Big Railroad Man: Curtis Leach & Neal Jones
In der Country Music gibt es eine Kategorie von Songs, die völlig aus dem Rahmen fällt und die sich zeitweise größter Beliebtheit erfreute. Es gibt sogar Interpreten, die sich gerade mit derartigen Songs einen großen Namen machten. Man nennt sie „Recitations“ und es sind „Lieder“, die nicht gesungen sondern zu einer passenden Musik gesprochen werden. Country Music sei eine Musik, die in erster Linie Geschichten erzählt – worauf würde diese Beschreibung besser passen als auf Recitations. Ein meisterlicher Vertreter dieser Sparte war der unvergessene Red Sovine.

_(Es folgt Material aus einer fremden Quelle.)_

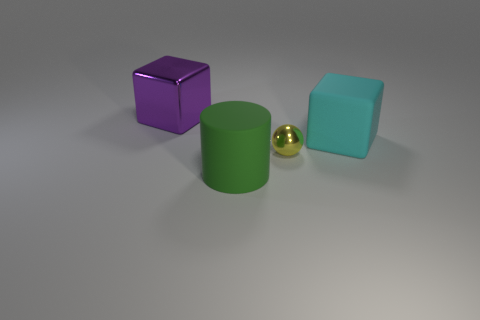Can you describe the texture of the surface on which the objects are placed? The surface upon which the objects are resting seems to have a relatively smooth texture with a matte finish. There's a soft diffuse reflection hinting at a non-glossy material, such as brushed metal or a matte-painted surface, which allows for subtle reflection of light without significant glare. Does the texture contribute to the overall aesthetics of the scene? Certainly, the subtle texture of the surface contributes to the overall aesthetics by providing a gentle contrast to the smooth and reflective materials of the objects. This interplay of textures creates a visually pleasing balance and helps to draw the viewer’s attention to the individual characteristics of each object. 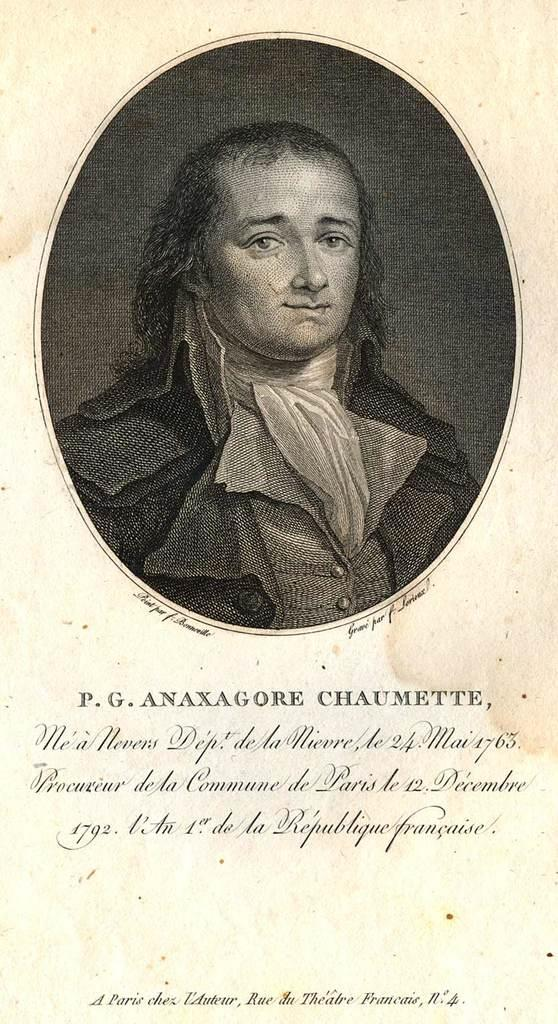What is the main subject of the image? There is a depiction of a person in the image. Are there any words or letters in the image? Yes, there is some text in the image. How many ants can be seen carrying sticks in the image? There are no ants or sticks present in the image. What type of trucks are visible in the image? There are no trucks visible in the image.

Wenn er in einem ansonsten lauten US-Militärclub seine Recitiations vortrug, konnte man eine Stecknadel fallen hören, obwohl doch eigentlich jeder diese Geschichten bereits kannte. Auch in Deutschland gibt es Künstler, die sich auf den Sprechgesang verstehen. Hermann Lammers Meyer hat sich als Experte erwiesen und auch Jonny Hill, der seit seinem Riesenerfolg mit „Teddy Bear“ weitere ähnliche Geschichten schrieb und erzählte. Ich werde bei anderer Gelegenheit einmal näher darauf eingehen. Im allgemeinen enthält eine klassische Recitation eine Lebensweisheit oder eine sentimentale, rührselige Story. Die Kunst besteht darin, sie so vorzutragen, dass sie glaubwürdig bleibt und nicht zur kitschigen Gefühlsduselei abrutscht.

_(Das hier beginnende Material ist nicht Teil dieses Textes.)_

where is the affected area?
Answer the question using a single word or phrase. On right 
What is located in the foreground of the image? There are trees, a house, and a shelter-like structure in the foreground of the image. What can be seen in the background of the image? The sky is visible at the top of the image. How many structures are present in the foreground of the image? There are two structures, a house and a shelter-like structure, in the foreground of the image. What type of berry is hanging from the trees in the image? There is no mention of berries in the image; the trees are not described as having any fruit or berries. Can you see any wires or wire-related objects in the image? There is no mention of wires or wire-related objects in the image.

An dieser Stelle soll ein weniger bekanntes amerikanisches Original beleuchtet werden, das ich zu einem der schönsten Beispiele für Recitations zähle; die Geschichte von dem Mann, der bei der Eisenbahn einen wichtigen Posten bekleidete. Ob es dafür einen wahren Hintergrund gibt, der die beiden Autoren zu dem Song veranlasste, ist mir nicht bekannt. Wahrscheinlich aber handelt es sich um eine frei erfundene Geschichte.

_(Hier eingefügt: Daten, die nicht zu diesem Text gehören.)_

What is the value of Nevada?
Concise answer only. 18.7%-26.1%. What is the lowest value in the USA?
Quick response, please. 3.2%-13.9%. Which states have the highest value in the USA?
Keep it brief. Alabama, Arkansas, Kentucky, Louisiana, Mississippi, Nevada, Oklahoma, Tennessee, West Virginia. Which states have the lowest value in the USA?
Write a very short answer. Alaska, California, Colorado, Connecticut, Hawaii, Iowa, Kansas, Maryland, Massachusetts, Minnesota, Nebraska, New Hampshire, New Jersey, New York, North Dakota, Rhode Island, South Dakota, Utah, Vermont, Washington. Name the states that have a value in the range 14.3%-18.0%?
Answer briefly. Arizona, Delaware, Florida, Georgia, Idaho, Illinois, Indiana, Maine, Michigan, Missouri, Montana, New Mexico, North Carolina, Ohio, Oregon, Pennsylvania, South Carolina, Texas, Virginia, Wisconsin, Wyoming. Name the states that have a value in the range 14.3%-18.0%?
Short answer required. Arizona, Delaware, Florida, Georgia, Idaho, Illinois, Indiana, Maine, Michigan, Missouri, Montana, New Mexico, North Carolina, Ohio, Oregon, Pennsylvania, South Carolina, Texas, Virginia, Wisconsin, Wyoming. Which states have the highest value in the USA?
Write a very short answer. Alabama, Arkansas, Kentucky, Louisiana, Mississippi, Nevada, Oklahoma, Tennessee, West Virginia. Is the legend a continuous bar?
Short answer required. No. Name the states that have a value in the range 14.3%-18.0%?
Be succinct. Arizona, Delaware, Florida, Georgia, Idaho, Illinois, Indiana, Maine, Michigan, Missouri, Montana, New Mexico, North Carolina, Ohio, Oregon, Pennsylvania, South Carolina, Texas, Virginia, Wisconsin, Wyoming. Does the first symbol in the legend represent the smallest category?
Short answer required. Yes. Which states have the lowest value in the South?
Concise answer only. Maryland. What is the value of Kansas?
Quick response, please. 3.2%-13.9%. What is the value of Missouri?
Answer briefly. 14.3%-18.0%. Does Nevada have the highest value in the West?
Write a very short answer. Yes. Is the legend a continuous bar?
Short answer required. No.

Beschrieben wird der 7. Geburtstag eine Kindes, bei dem ein wichtiger Stuhl leer bleibt, der des Vaters. Den hat der Knabe nie kennen gelernt. Seine Mutter erzählt ihm immer wieder, Daddy habe wenig Zeit, weil er ein wichtiger Mann bei der Eisenbahn sei. Inzwischen ist der Kleine alt genug, um seiner Neugier Befriedigung zu verschaffen. Er schleicht nachts durch das Fenster, um am Güterbahnhof nachzuschauen. Wie immer hat der Zug Verspätung, doch plötzlich steht ein riesiger Landstreicher vor ihm. Nachdem der Schnee von den Klamotten geschüttelt wurde, erkundigt er sich nach dem Namen der Stadt und dem Haus der Joneses. Er habe auch einmal hier gewohnt, deshalb wolle er die Joneses besuchen. Seiner Frau hätte er versprochen als er sie verließ, dass er als gemachter Mann zurückkehren werde.
Doch die einzigen Leute diesen Namens, die im Ort wohnen, sind der Knabe und seine Mutter sowie der Vater. Der sei, so schildert der junge Mann es dem Landstreicher, schon lange weg, weil er wichtige Dinge bei der Eisenbahn zu tun habe. Immerhin schickt er regelmäßig Geschenke und Mutter liest ihm die Briefe vor, die Daddy angeblich geschrieben hat. Im letzten der Briefe habe er versprochen, bald nach Hause zu kommen. Daraufhin wird der alte Landstreicher nachdenklich, denn er ist jener Vater. Er bedeutet dem Jungen, er habe sich wohl im Ort vertan und müsse mit dem nächsten Güterzug weiter. Der Junge möge rasch heimgehen und der Mama sagen, sie solle Daddy’s Zimmer herrichten, denn er habe ein ziemlich sicheres Gefühl, dass Daddy wirklich sehr bald nach Hause kommen werde.